The U.S. secretary of transportation said late Thursday that he has reached a final deal with the major stakeholders on financing the second phase of Metro’s Dulles rail line.
The resulting memorandum codifies how partners in the project will pay for the second phase of the Dulles line, which will extend rail service from Reston to Dulles International Airport and Loudoun.
The project, estimated to cost at least $2.8 billion, will be paid for with contributions from all the major stakeholders.
“I’m on cloud nine,” LaHood said. “After months of very hard work with an extraordinary group of people from the counties, Metro and MWAA, we have put together what I believe is one of the best agreements for taxpayers.”
The deal still needs the approval of the stakeholders’ governing boards. But federal transportation officials said they expect that to occur before the end of the year.
The most important part of the deal is that LaHood’s office agreed to provide federal loan assistance to help Fairfax, Loudoun and the airports authority finance their investment in the project.
LaHood said Virginia Gov.

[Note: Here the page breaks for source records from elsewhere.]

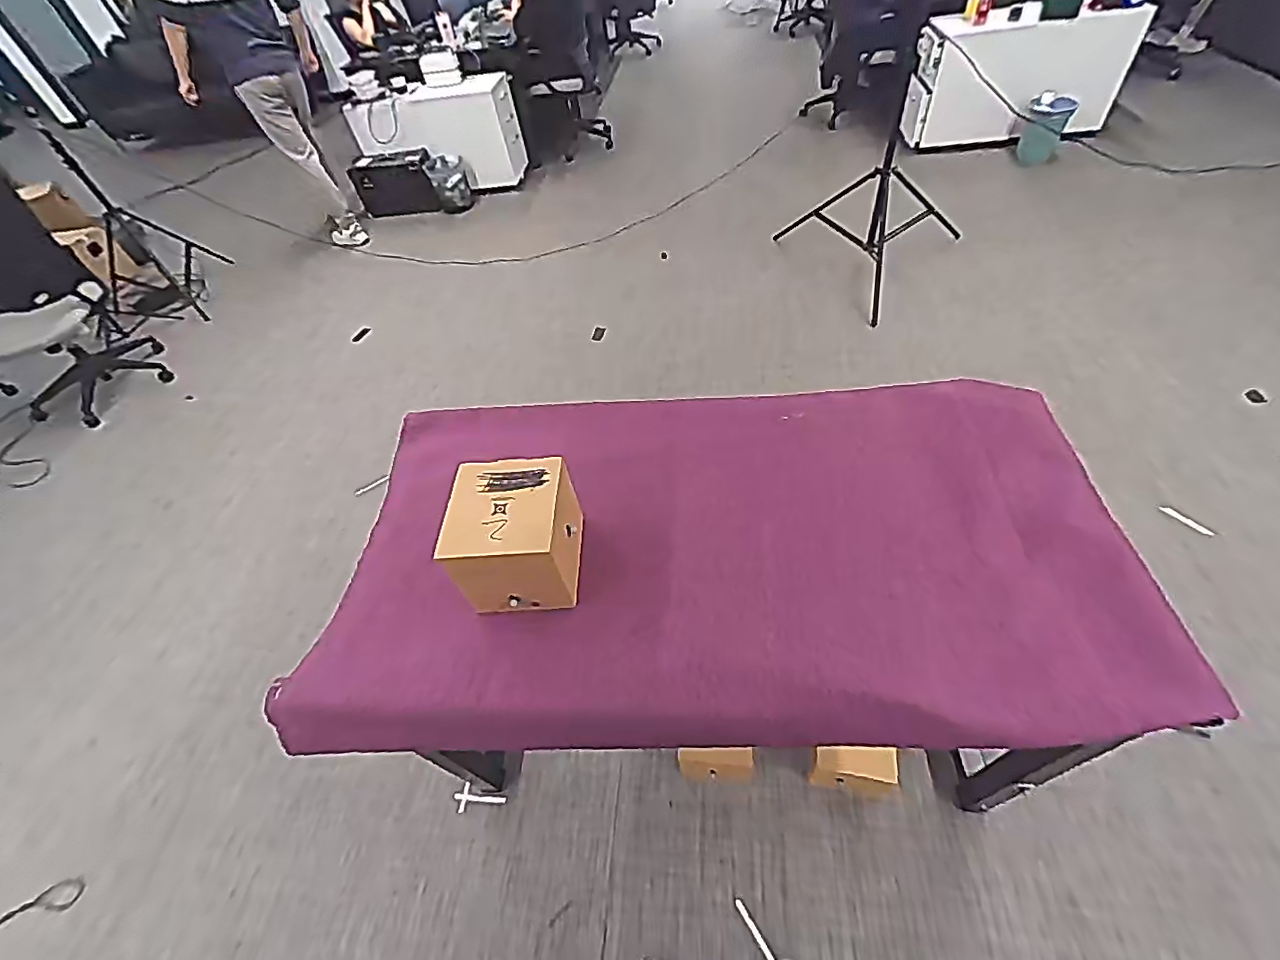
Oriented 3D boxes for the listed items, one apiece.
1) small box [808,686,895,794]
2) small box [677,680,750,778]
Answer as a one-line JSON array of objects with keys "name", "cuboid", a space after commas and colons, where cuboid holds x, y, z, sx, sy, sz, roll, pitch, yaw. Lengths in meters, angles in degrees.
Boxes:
[{"name": "small box", "cuboid": [0.488, 0.611, 1.263, 0.168, 0.176, 0.179, 5, 51, 14]}, {"name": "small box", "cuboid": [0.183, 0.607, 1.312, 0.168, 0.176, 0.179, 1, 50, 9]}]

Robert F. McDonnell (R) also agreed to bring $150 million to the table to help finance the project.
“I’m really pleased we were able to keep the project under $3 billion and that we were able to put some additional federal dollars into the project,” LaHood said. “Virginia realized this project is important to Northern Virginia and most important to the region.”
The state and federal money, officials said, will reduce the amount that users of the Dulles Toll Road will have to contribute, although it remained unclear how much tolls will increase. Some toll revenue is being used to help pay for the rail line.
The Dulles rail line will run for 23 miles. The first phase, 11.5 miles, is under construction and is scheduled for completion in December 2013. It runs through Tysons Corner to Wiehle Avenue.
Funding of the second phase was up in the air for months.
The airports authority and local politicians also had argued over whether the station at Dulles Airport should be built below ground, at a higher price, or above ground, for less. They ultimately agreed to put the station above ground, a decision that is expected to save more than$400 million.
This summer, LaHood stepped into the negotiations. He and his top-level staff spent about five months in negotiations with the stakeholders. The deal reached Thursday also solidifies most of the other elements the players had agreed to earlier.
Fairfax and Loudoun plan to seek public-private partnerships to help pay for building parking garages.
Fairfax will seek a similar deal to build the Route 28 station.